Unlike navigable waters, he said, groundwater rights are tied to private property ownership, much like mineral rights. Groundwater has never been held in the public trust in Minnesota, he said, and the appellate court isn’t the proper body to change that.
“To extend the reach of the public-trust doctrine to groundwater would vest in the state ‘absolute title’ in essentially all groundwater, and would run contrary to the entire history of Minnesota law concerning groundwater.”
However, he noted, the state Supreme Court could conceivably change that.
DISSENT ON PUBLIC TRUST
Judge Diane Bratvold wrote a lengthy dissent to Monday’s opinion that is likely to be seized upon by property owners in their appeal.
In it, she said the public-trust doctrine has — and should — apply in the White Bear Lake case.
That’s because, Bratvold wrote, the pumping of groundwater around White Bear Lake can harm the lake itself — and the lake is clearly held in the public trust.
ERROR 2: MINNESOTA ENVIRONMENTAL RIGHTS ACT
The second error the appeals court found was largely a procedural one: Because the issue here is permitted water pumping, the remedy is in challenging each of those permits — not suing the agency in court.

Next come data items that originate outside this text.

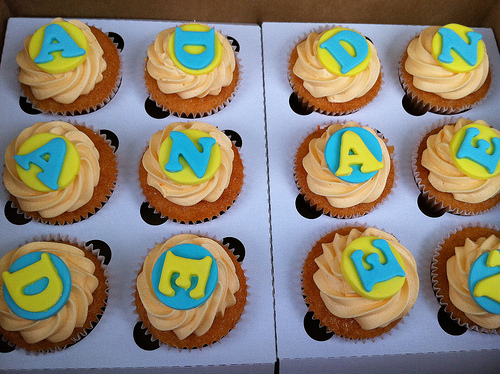<image>
Is there a cake to the left of the cake? No. The cake is not to the left of the cake. From this viewpoint, they have a different horizontal relationship. 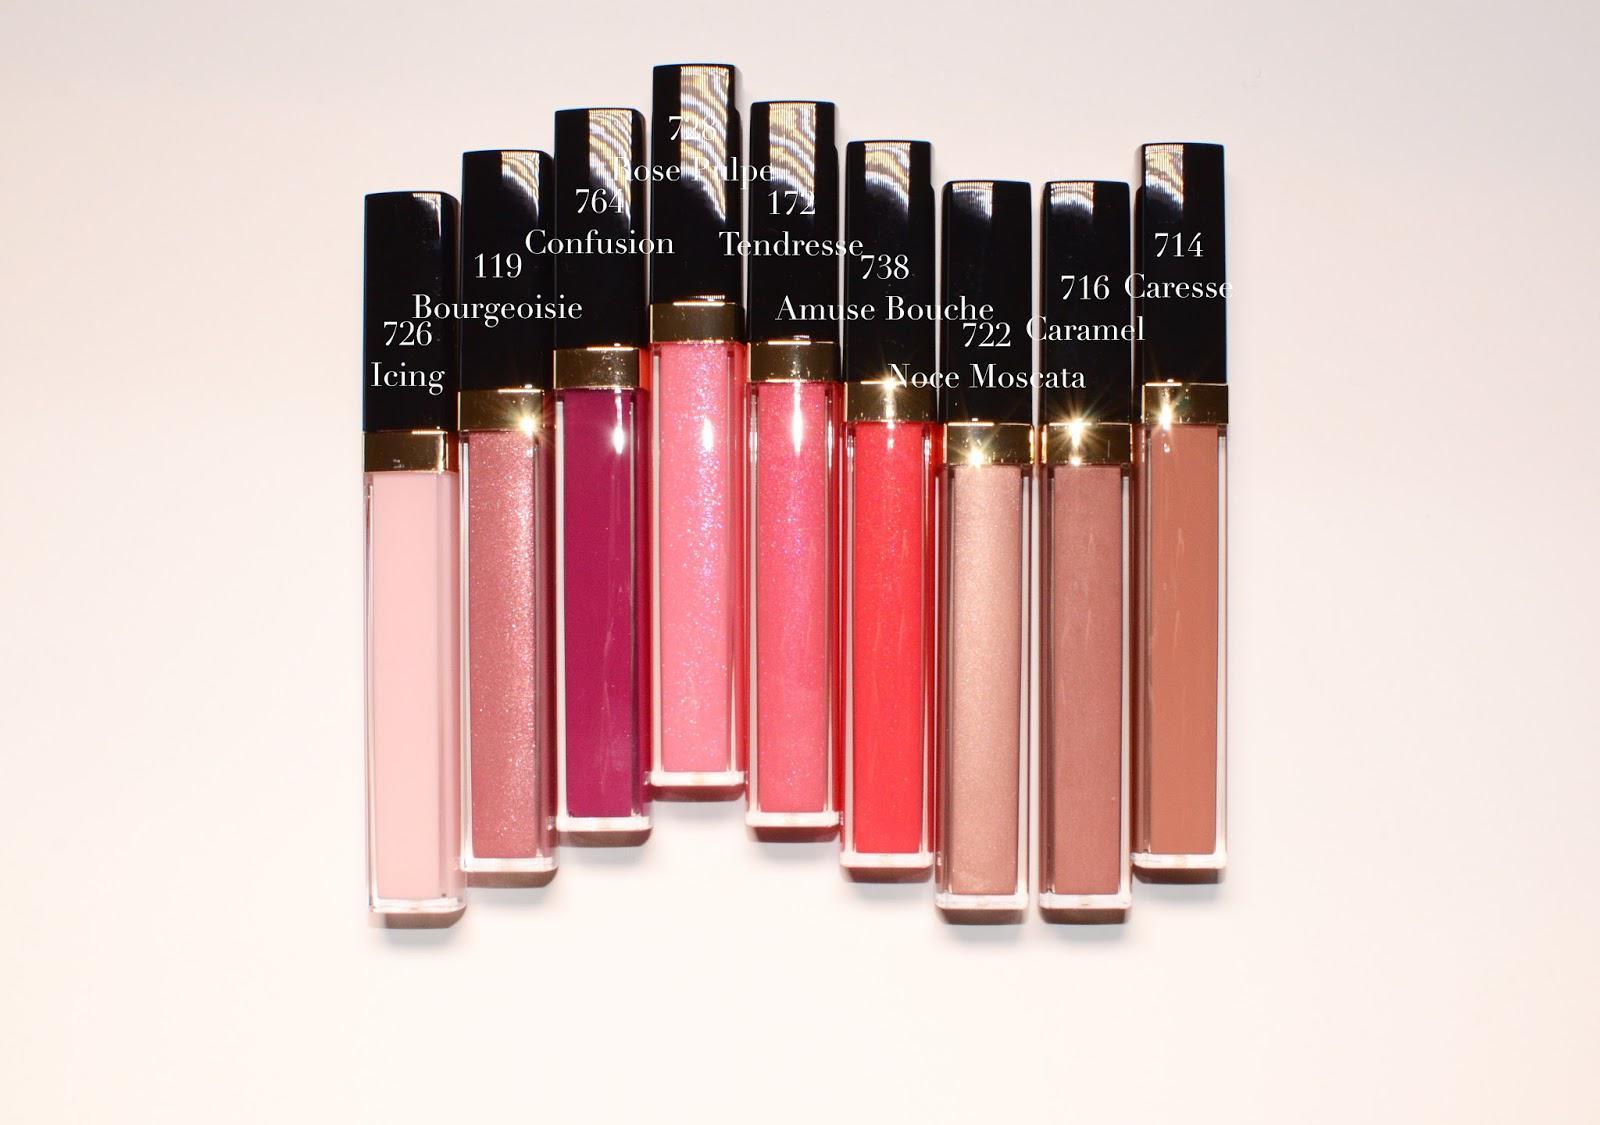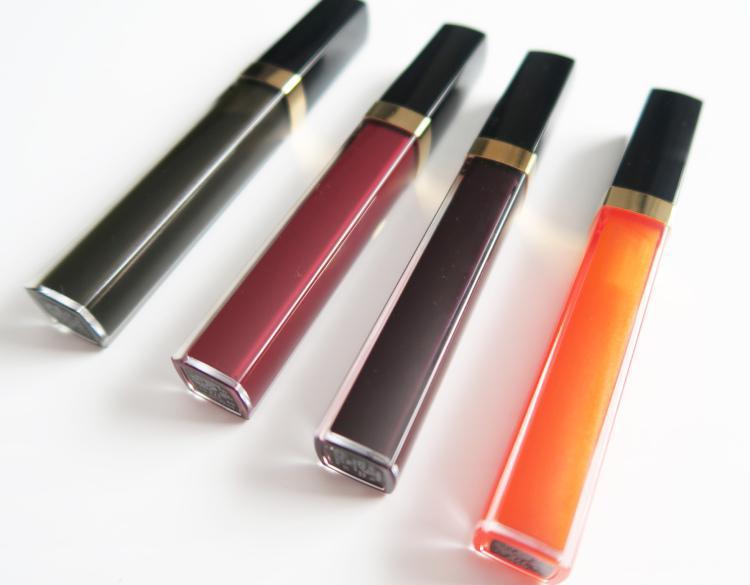The first image is the image on the left, the second image is the image on the right. For the images shown, is this caption "There are at least 8 different shades of lip gloss in their tubes." true? Answer yes or no. Yes. The first image is the image on the left, the second image is the image on the right. Examine the images to the left and right. Is the description "The left image includes at least one capped and one uncapped lipstick wand, and the right image includes at least one capped lipstick wand but no uncapped lip makeup." accurate? Answer yes or no. No. 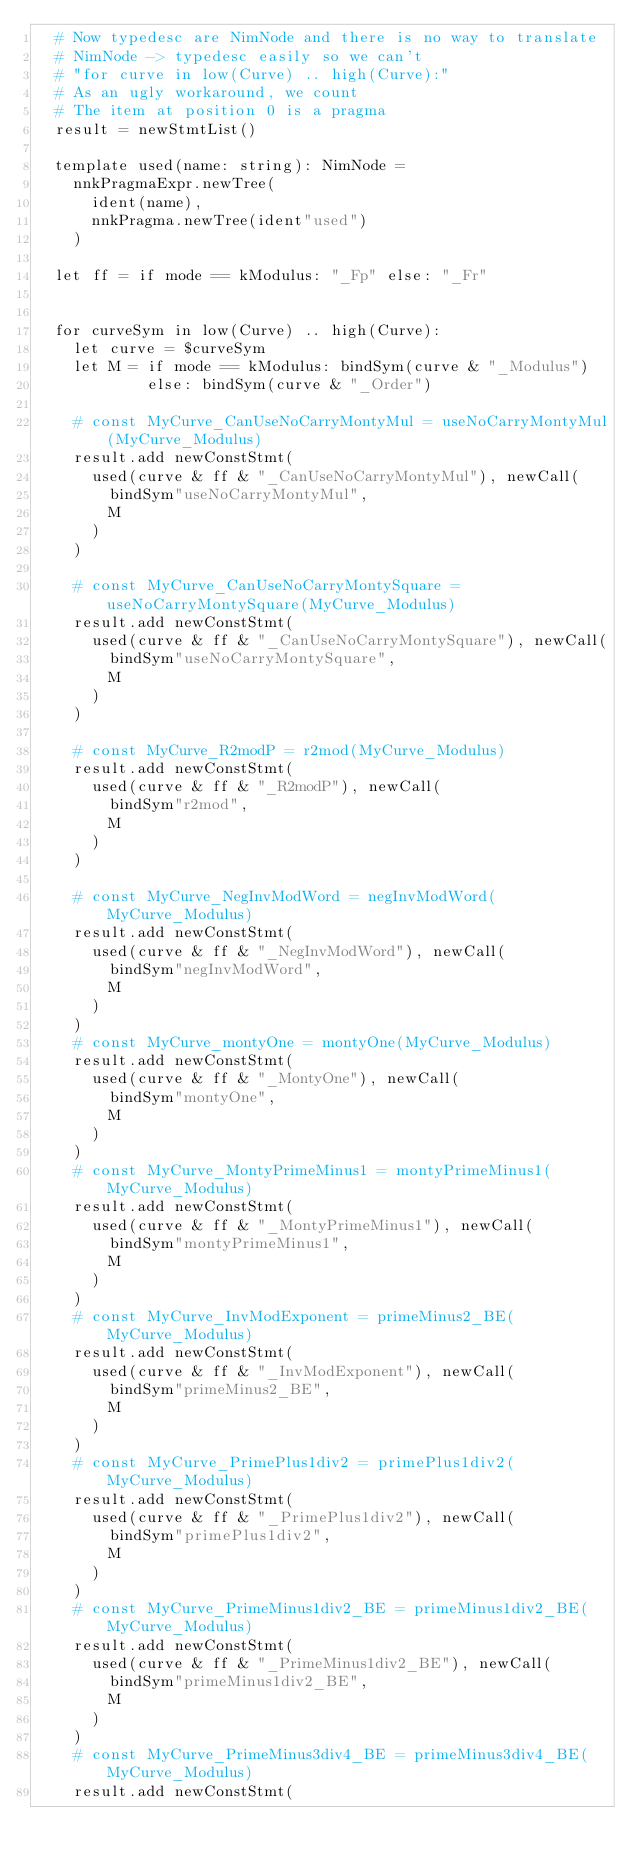Convert code to text. <code><loc_0><loc_0><loc_500><loc_500><_Nim_>  # Now typedesc are NimNode and there is no way to translate
  # NimNode -> typedesc easily so we can't
  # "for curve in low(Curve) .. high(Curve):"
  # As an ugly workaround, we count
  # The item at position 0 is a pragma
  result = newStmtList()

  template used(name: string): NimNode =
    nnkPragmaExpr.newTree(
      ident(name),
      nnkPragma.newTree(ident"used")
    )

  let ff = if mode == kModulus: "_Fp" else: "_Fr"


  for curveSym in low(Curve) .. high(Curve):
    let curve = $curveSym
    let M = if mode == kModulus: bindSym(curve & "_Modulus")
            else: bindSym(curve & "_Order")

    # const MyCurve_CanUseNoCarryMontyMul = useNoCarryMontyMul(MyCurve_Modulus)
    result.add newConstStmt(
      used(curve & ff & "_CanUseNoCarryMontyMul"), newCall(
        bindSym"useNoCarryMontyMul",
        M
      )
    )

    # const MyCurve_CanUseNoCarryMontySquare = useNoCarryMontySquare(MyCurve_Modulus)
    result.add newConstStmt(
      used(curve & ff & "_CanUseNoCarryMontySquare"), newCall(
        bindSym"useNoCarryMontySquare",
        M
      )
    )

    # const MyCurve_R2modP = r2mod(MyCurve_Modulus)
    result.add newConstStmt(
      used(curve & ff & "_R2modP"), newCall(
        bindSym"r2mod",
        M
      )
    )

    # const MyCurve_NegInvModWord = negInvModWord(MyCurve_Modulus)
    result.add newConstStmt(
      used(curve & ff & "_NegInvModWord"), newCall(
        bindSym"negInvModWord",
        M
      )
    )
    # const MyCurve_montyOne = montyOne(MyCurve_Modulus)
    result.add newConstStmt(
      used(curve & ff & "_MontyOne"), newCall(
        bindSym"montyOne",
        M
      )
    )
    # const MyCurve_MontyPrimeMinus1 = montyPrimeMinus1(MyCurve_Modulus)
    result.add newConstStmt(
      used(curve & ff & "_MontyPrimeMinus1"), newCall(
        bindSym"montyPrimeMinus1",
        M
      )
    )
    # const MyCurve_InvModExponent = primeMinus2_BE(MyCurve_Modulus)
    result.add newConstStmt(
      used(curve & ff & "_InvModExponent"), newCall(
        bindSym"primeMinus2_BE",
        M
      )
    )
    # const MyCurve_PrimePlus1div2 = primePlus1div2(MyCurve_Modulus)
    result.add newConstStmt(
      used(curve & ff & "_PrimePlus1div2"), newCall(
        bindSym"primePlus1div2",
        M
      )
    )
    # const MyCurve_PrimeMinus1div2_BE = primeMinus1div2_BE(MyCurve_Modulus)
    result.add newConstStmt(
      used(curve & ff & "_PrimeMinus1div2_BE"), newCall(
        bindSym"primeMinus1div2_BE",
        M
      )
    )
    # const MyCurve_PrimeMinus3div4_BE = primeMinus3div4_BE(MyCurve_Modulus)
    result.add newConstStmt(</code>

In some ways, it’s simply a technical reading of the state’s Environmental Rights Act.
Chad Lemmons, an attorney representing White Bear Township, applauded the decision. State law allows, he noted, for the creation of water-management districts, which provide another layer of input for the DNR when considering water permits. The DNR used that law to create one of the first such districts in the state surrounding White Bear Lake.
But the Minnesota Environmental Protection Act — and its portion that allows anyone in Minnesota to sue over an alleged violation — is widely recognized in the environmental community as being a bedrock principle.
In her dissent, Bratvold said that what the property owners did — sue the DNR to get the agency to follow a state law — “is consistent with MERA’s purpose, which the supreme court has described as promoting citizen action.”
Katie Crosby Lehmann, an attorney representing the property owners, said that they’ll appeal and that it’s appropriate the case reach the state’s highest court.
“Of course we’re disappointed,” Crosby Lehmann said Monday. “But this is an issue that everyone should want to get decided by the Minnesota Supreme Court because it’s about sustainable-water issues.”
DNR: WE’RE ON TOP OF THIS
Barb Naramore, DNR deputy commissioner, issued a statement Monday that didn’t get into the merits of either side in the case. But she defended the DNR, saying the agency has improved its understanding of how the lake is affected by groundwater pumping.
“In October 2018, the DNR published an extensive sustainability analysis using a new, state-of-the-art groundwater model,” the statement read, in part. “That model indicated that current groundwater use in the White Bear Lake area meets state sustainability standards, but also that current use patterns can impact recreational uses of the lake under some conditions. The DNR will use this analysis, and other available information, in further reviewing the matter upon remand pursuant to today’s Appeals Court ruling.”